Word of mouth is the best way. Do you know someone who has been through a divorce and can make a recommendation? Is there an attorney in your town known as being "the" divorce lawyer to go to?

Not all lawyers have an equal skill set. You want to find someone who had a good outcome and was pleased with their representation. It has to be a good fit for you.


----------



## Jane139 (Jan 6, 2015)

I chose one who offered a free consultation...other charged about $300 to consult. I got lucky as I really like him. I later checked around and found his prices were the same or less than others and his reviews good. It is helpful if you know someone who has used a family law attorney, but if not...try for a free consult first, can't hurt and he helped me a lot. Have not yet hired him, but I will when ready.


----------



## Lost40 (Dec 27, 2014)

I went to the top law firm in our city, and asked them who their best was. She has been amazing, I love her.


----------



## Hopelessus (Oct 29, 2014)

I have one reference left a message today. Hopefully they give a free consult.
One question I have is about the 10 year. We have been married 9 year last October even though we separated in November and we lived together for 2 years before marriage. How does all of that apply to the 10 year mark. Does the separation (not legal) time count? Does the dating and engagement period where we were living together count?


----------



## Jane139 (Jan 6, 2015)

Hopelessus said:


> I have one reference left a message today. Hopefully they give a free consult.
> One question I have is about the 10 year. We have been married 9 year last October even though we separated in November and we lived together for 2 years before marriage. How does all of that apply to the 10 year mark. Does the separation (not legal) time count? Does the dating and engagement period where we were living together count?

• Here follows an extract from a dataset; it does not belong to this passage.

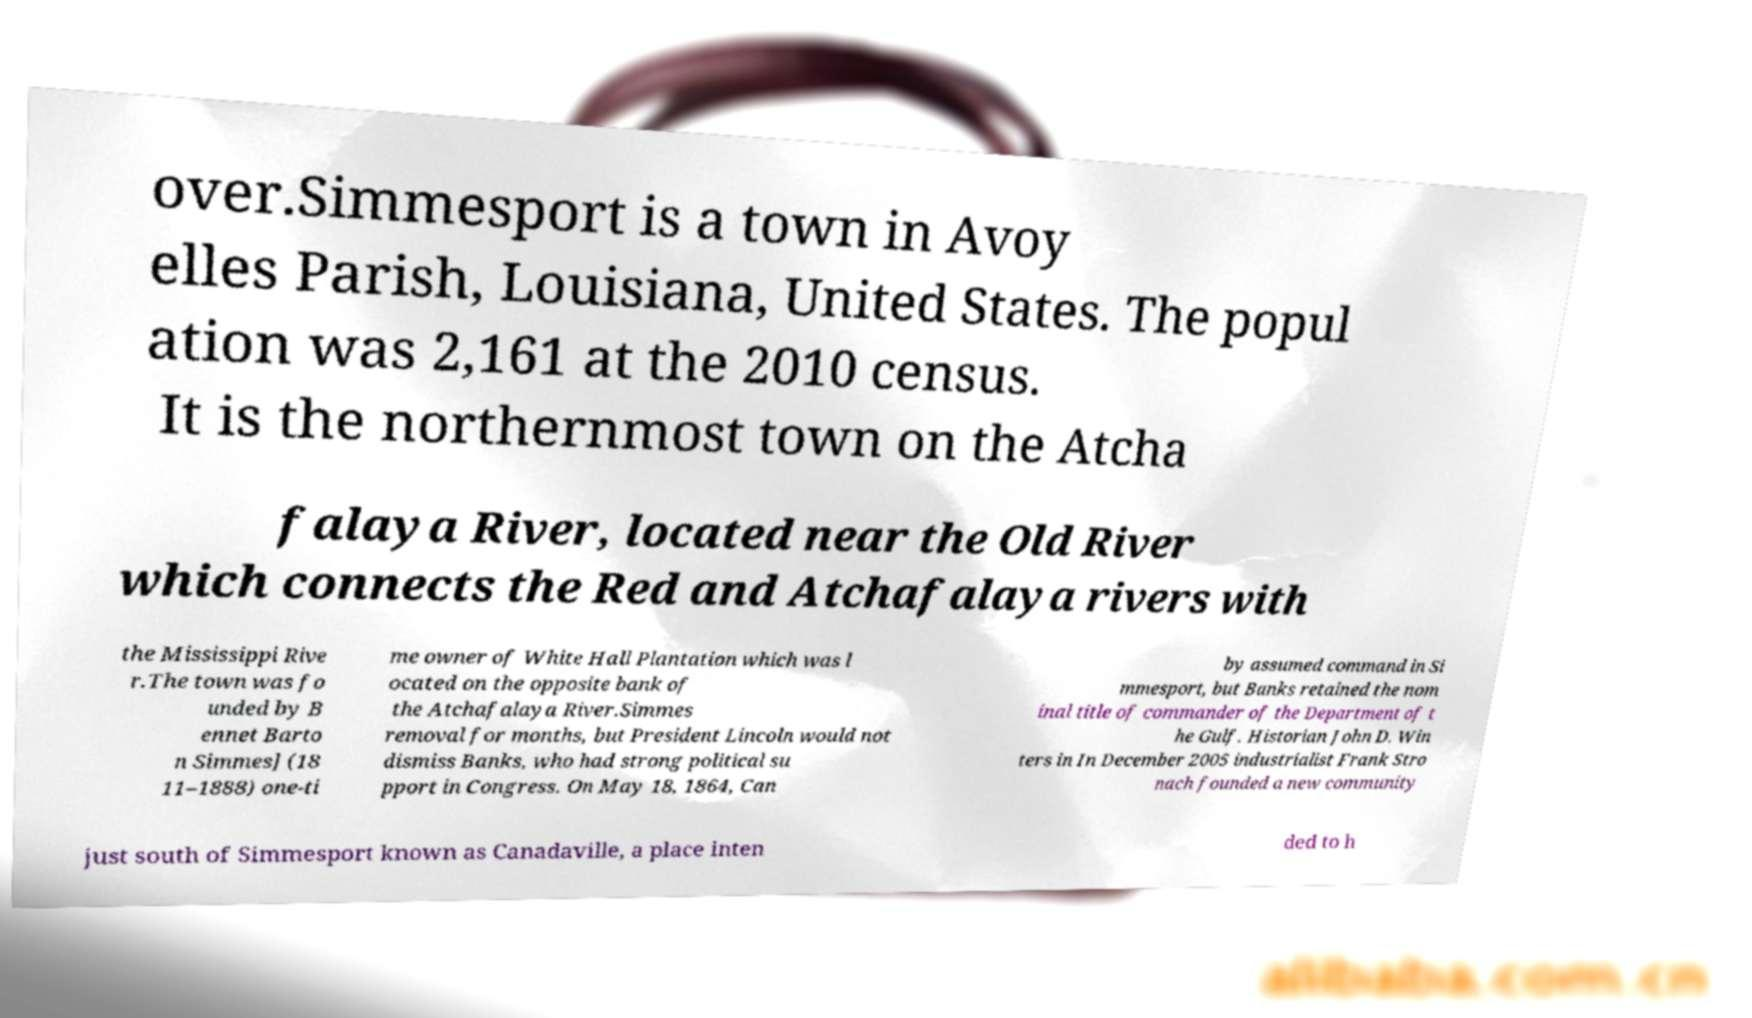There's text embedded in this image that I need extracted. Can you transcribe it verbatim? over.Simmesport is a town in Avoy elles Parish, Louisiana, United States. The popul ation was 2,161 at the 2010 census. It is the northernmost town on the Atcha falaya River, located near the Old River which connects the Red and Atchafalaya rivers with the Mississippi Rive r.The town was fo unded by B ennet Barto n Simmes] (18 11–1888) one-ti me owner of White Hall Plantation which was l ocated on the opposite bank of the Atchafalaya River.Simmes removal for months, but President Lincoln would not dismiss Banks, who had strong political su pport in Congress. On May 18, 1864, Can by assumed command in Si mmesport, but Banks retained the nom inal title of commander of the Department of t he Gulf. Historian John D. Win ters in In December 2005 industrialist Frank Stro nach founded a new community just south of Simmesport known as Canadaville, a place inten ded to h

It may depend on what state you live in. But the lawyer can help you with all of that. In the meantime, look up divorce procedures in your state.


----------



## shellgames (Sep 2, 2014)

Visit at least 3 for consultations. You will learn a lot about the process during this time as well. Ask good questions and dig.


----------



## Jane139 (Jan 6, 2015)

Also...in my case, having no children, I found out so much on my free consultation that if we (my husband and I) are in agreement on finances, I could even file the forms myself for a few hundred dollars. Legally, where I live, even if I reject any support now, it is never a closed issue, meaning that if I can't manage on my own after all, or if he suddenly gets a job that pays triple what he makes now, for example, I can request support later on. Just saying, it is really beneficial to get as much free legal advice as you can, and shop around. I obtained several quotes after meeting with the first guy, just to compare, and they were all very different. Not saying cheapest is best-but go with one with a fair price and that you connect with. The man I will hire, if I do, understands that I have no interest in causing my husband financial hardship or distress. He was under great stress and poor health during the last few years. He can finally retire this year if he wants to and I want him to have an enjoyable retirement, regardless of what happens with our situation. Anyway...my advice is to go with someone who is concerned with your wants and needs. Good luck.


----------



## EleGirl (Dec 3, 2011)

Hopelessus said:


> I have one reference left a message today. Hopefully they give a free consult.
> One question I have is about the 10 year. We have been married 9 year last October even though we separated in November and we lived together for 2 years before marriage. How does all of that apply to the 10 year mark. Does the separation (not legal) time count? Does the dating and engagement period where we were living together count?


This might help some

Alimony Guidelines in New York | DivorceNet.com

Also do a google search on "New York divorce alimony"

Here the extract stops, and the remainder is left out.